Expert Tips for Thai Peanut Chicken Buddha Bowl

  • Marinate Correctly: Allow the chicken to marinate for at least 5 minutes at room temperature. This maximizes flavor absorption and tenderness.

  • Check for Doneness: Use a meat thermometer to ensure chicken reaches 165°F. Cutting into undercooked chicken can lead to foodborne illnesses.

  • Prep Ahead: Chop and prepare all vegetables in advance to streamline assembly. This keeps everything fresh and makes dinner quick and enjoyable.

  • Adjust Sauce Thickness: If your peanut sauce is too thick, gradually add warm water until you reach the desired consistency. This ensures it drizzles perfectly over the bowl.

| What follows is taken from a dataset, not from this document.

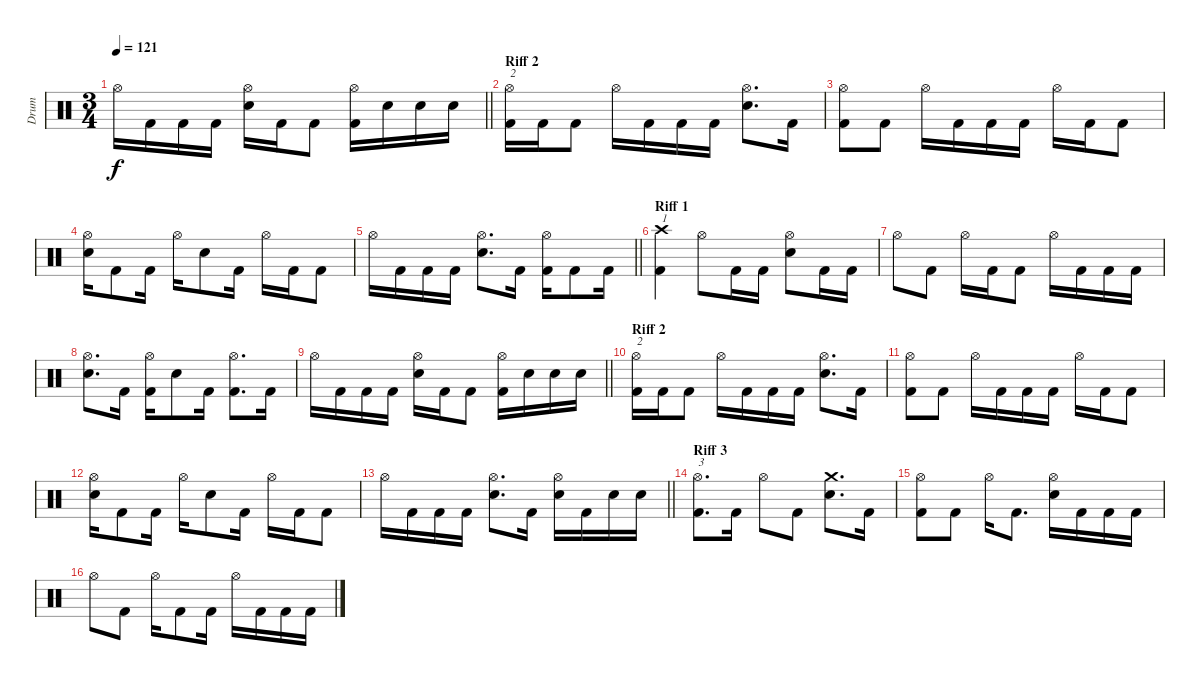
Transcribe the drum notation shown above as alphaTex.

  • Garnish Generously: Don’t skimp on the green onions and sesame seeds! They add a pop of flavor and texture that enhances your Thai Peanut Chicken Buddha Bowl.

Make Ahead Options

These Thai Peanut Chicken Buddha Bowls are a lifesaver for busy home cooks looking to streamline meal prep! You can marinate the chicken and prepare the peanut sauce up to 24 hours in advance, allowing the flavors to deepen as they sit in the refrigerator. Additionally, chop your vegetables—carrots, cucumber, and bell pepper—and store them in airtight containers for up to 3 days. When you’re ready to enjoy, simply cook the marinated chicken, assemble your bowls with the rice or quinoa, and drizzle with the peanut sauce. This approach not only saves time but ensures that your Buddha bowl remains just as delicious and fresh when it’s time to serve!

How to Store and Freeze Thai Peanut Chicken Buddha Bowl

Fridge: Store leftover Buddha bowl components separately in airtight containers for up to 3 days to maintain freshness; assemble just before serving.

Freezer: Freeze cooked chicken and peanut sauce in airtight containers for up to 3 months. Thaw in the fridge overnight before reheating.

Reheating: To reheat, microwave components separately or warm in a skillet; add a splash of water to the sauce if needed to restore creaminess.

Storage Tips: Keep veggies unassembled until you’re ready to eat, ensuring they stay crisp and flavorful in your Thai Peanut Chicken Buddha Bowl.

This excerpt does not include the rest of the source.